We’ve seen the same thing in the Brexit referendum in the UK. We’ve certainly seen in the USA the way that techniques were used more effectively by Mr. Trump than they were by Mrs. Clinton.
What that's going to teach everybody is that if you’re in the business of politics, you have to get good at this stuff and you have to get good fast, otherwise you’re out of a job. There’s going to be a lot of rapid and aggressive development of techniques of intrusive surveillance, of psychological profiling of voters, and micro-targeting of political messages. And we don't know what the consequences of doing that will be.
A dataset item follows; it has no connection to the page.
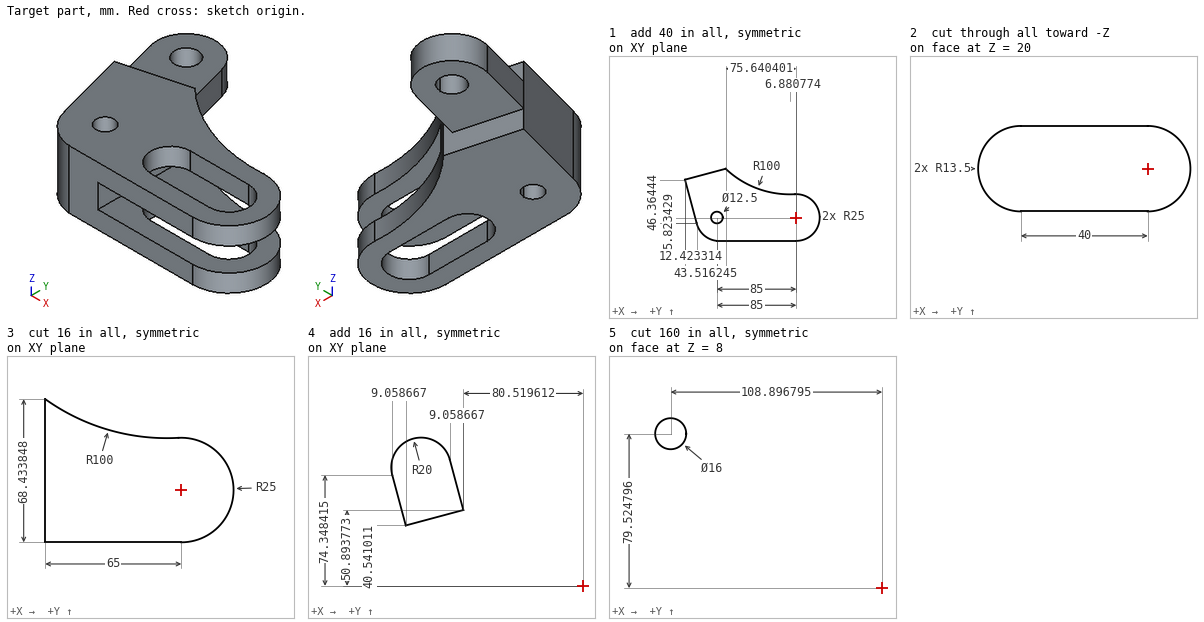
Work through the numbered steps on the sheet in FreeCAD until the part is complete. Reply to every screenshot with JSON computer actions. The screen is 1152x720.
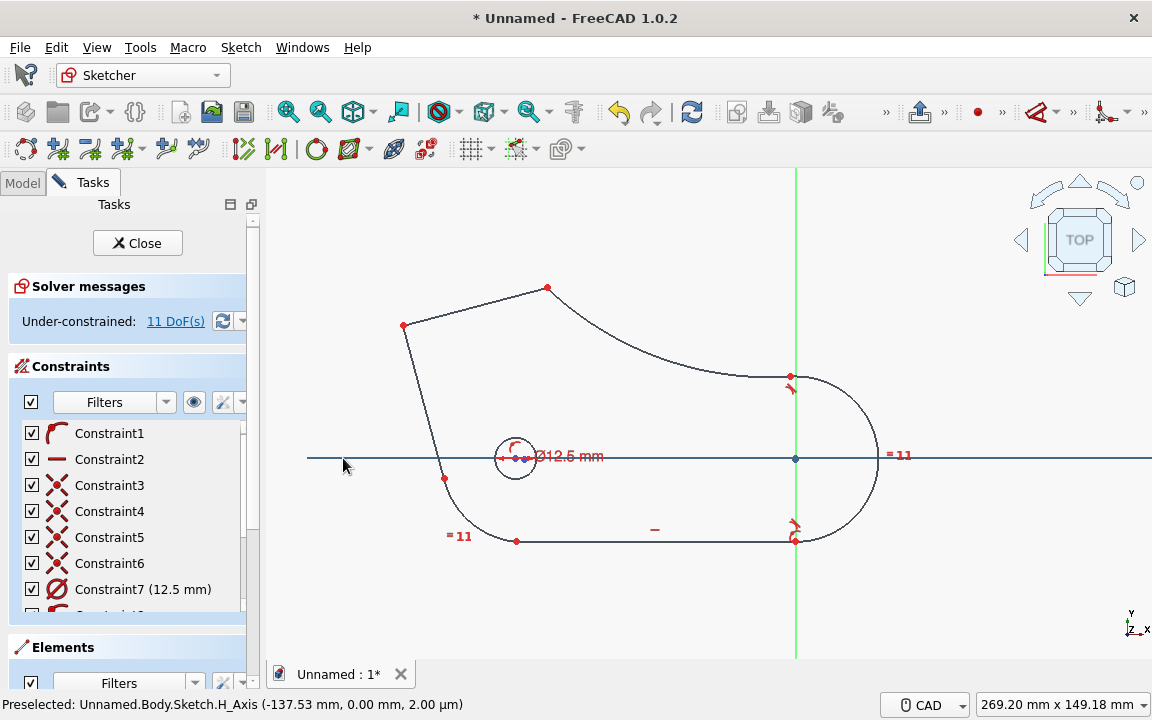
{"action": "key", "text": "c"}

We already know that there’s a tendency for people to clump into a red universe and a blue universe, where you hear only those messages from people that are congenial to you because Mr. Facebook and Mr. Google will direct messages to you that keep you on their site for longer so that you’ll click on more ads. Therefore, we have less of a polis—less of a political space where we can all interact and discuss things with people with whom we don’t necessarily agree all the time.
What happens when that goes micro-targeted? You’ve got somebody who’s interested in gun control and gets messages only on gun control; or somebody who's opposed to gun control; or somebody who's in favor of increasing the retirement age; or somebody who's in favor of decreasing the retirement age, then they get these messages obsessively all the time, at the cost of any broader political debate in society.
Is this perhaps what’s happening with fake news? Who’s to say? We’ve always had fake news, for as long as we’ve had tabloid newspapers, which has been a century. There have been newspaper editors who played the man not the ball. Is this going to become the new normal and, if so, what happens to democracy? These are the sorts of problems that we’re going to be wrestling with for the next decade.